Нина Карцин - Беспокойные сердца
В тот день, когда происходила киносъемка, он вернулся домой в приподнятом настроении. Дела на заводе идут хорошо, должны же поправиться и домашние! И так захотелось, чтобы дома встретила прежняя Вера — милая, внимательная, с обычной лаской и чуть насмешливой улыбкой!.. Ну, посердилась немного — это право каждой жены — но нельзя же до бесконечности продолжать этот бойкот. Он заготовил убедительные фразы, готовясь начать решительное объяснение, представлял себе, как она станет постепенно уступать его красноречию, может быть, даже слезами, как он обнимет ее и снова покорные губы ответят на требовательные поцелуи…

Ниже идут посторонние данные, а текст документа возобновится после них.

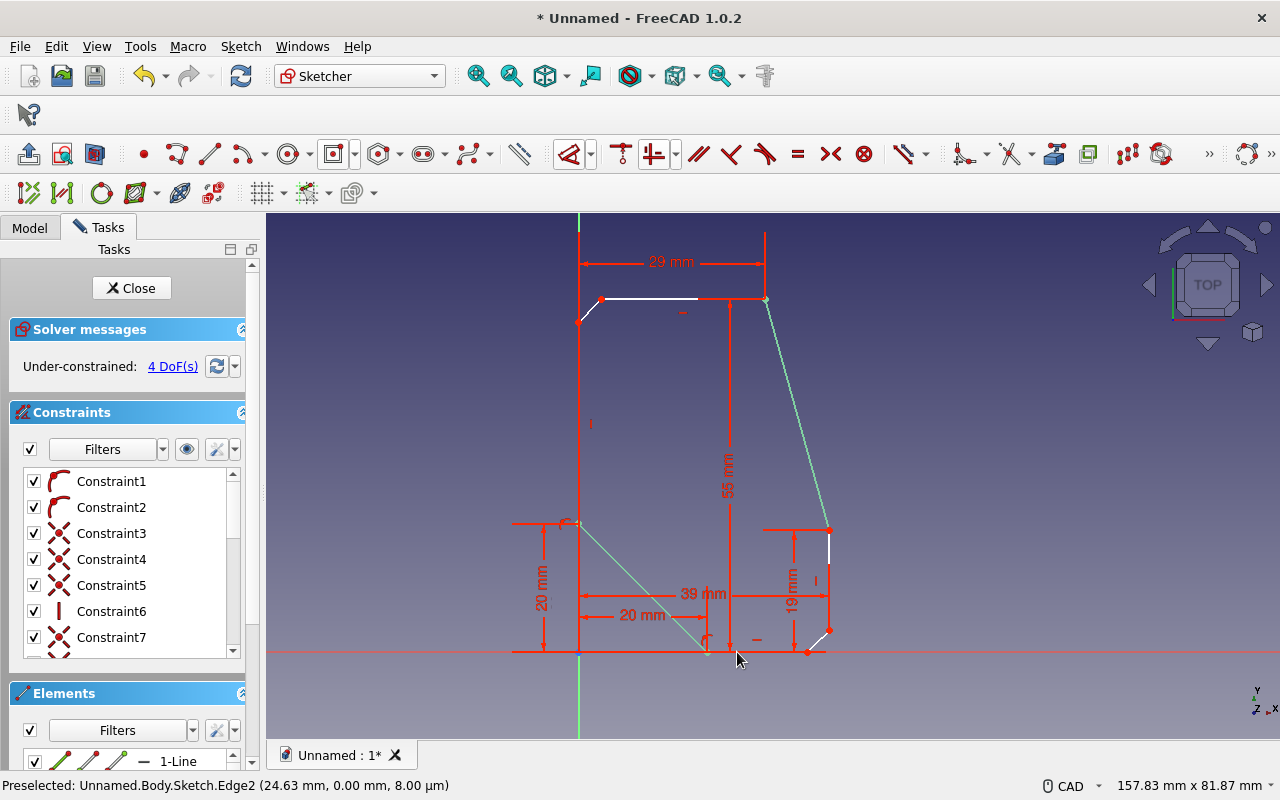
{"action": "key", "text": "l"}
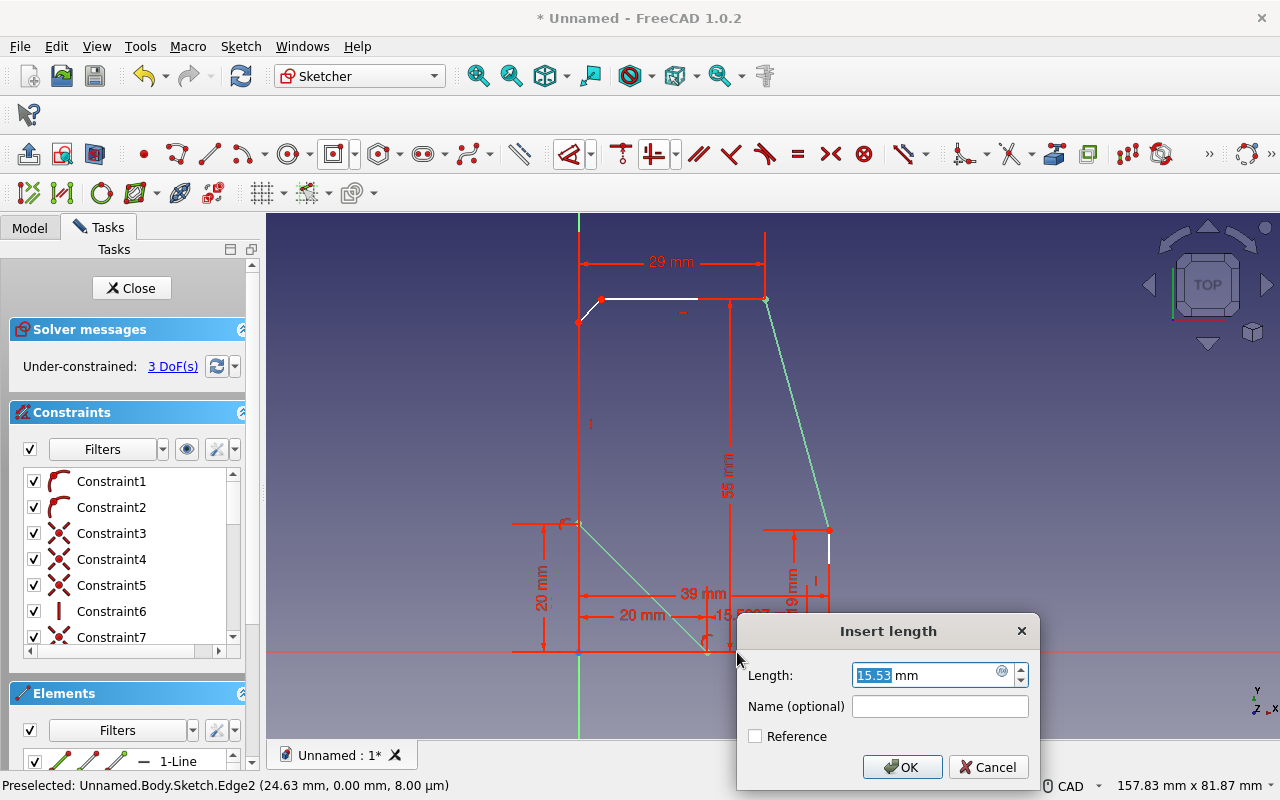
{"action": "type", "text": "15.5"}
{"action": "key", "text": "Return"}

Веры дома не было. Это несколько раздосадовало его, но намерение осталось прежним. Рассеянно проглотив поданный домработницей обед, с полчаса полежал на диване, проглядывая газету и то и дело посматривая на дверь. Потом вскочил — показалось, что в комнате душно. Посчитал пульс — сердце билось ускоренно. «Что это я — волнуюсь?» — иронически подумал он и вышел на балкон.
Садилось солнце, видневшаяся с балкона часть Волги была расцвечена всеми оттенками закатных красок. И этот закат, может быть, сто раз виденный равнодушными глазами, сейчас вдруг предстал совсем иным — почти таким же, как тот, которым они любовались с Верой в первый вечер своего знакомства.
Тогда они сидели на набережной, проходившие мимо, словно патрулирующие, пары не мешали и не раздражали. В небе и на воде постепенно тускнели цвета, немыслимый розовый оттенок начал постепенно бледнеть, наливаться синевой, прорвался и потух яркий зеленоватый свет, потом все как-то быстро заволоклось пеленой, на фарватере вспыхнули первые бледные огоньки, закачались в воде серебристые нити.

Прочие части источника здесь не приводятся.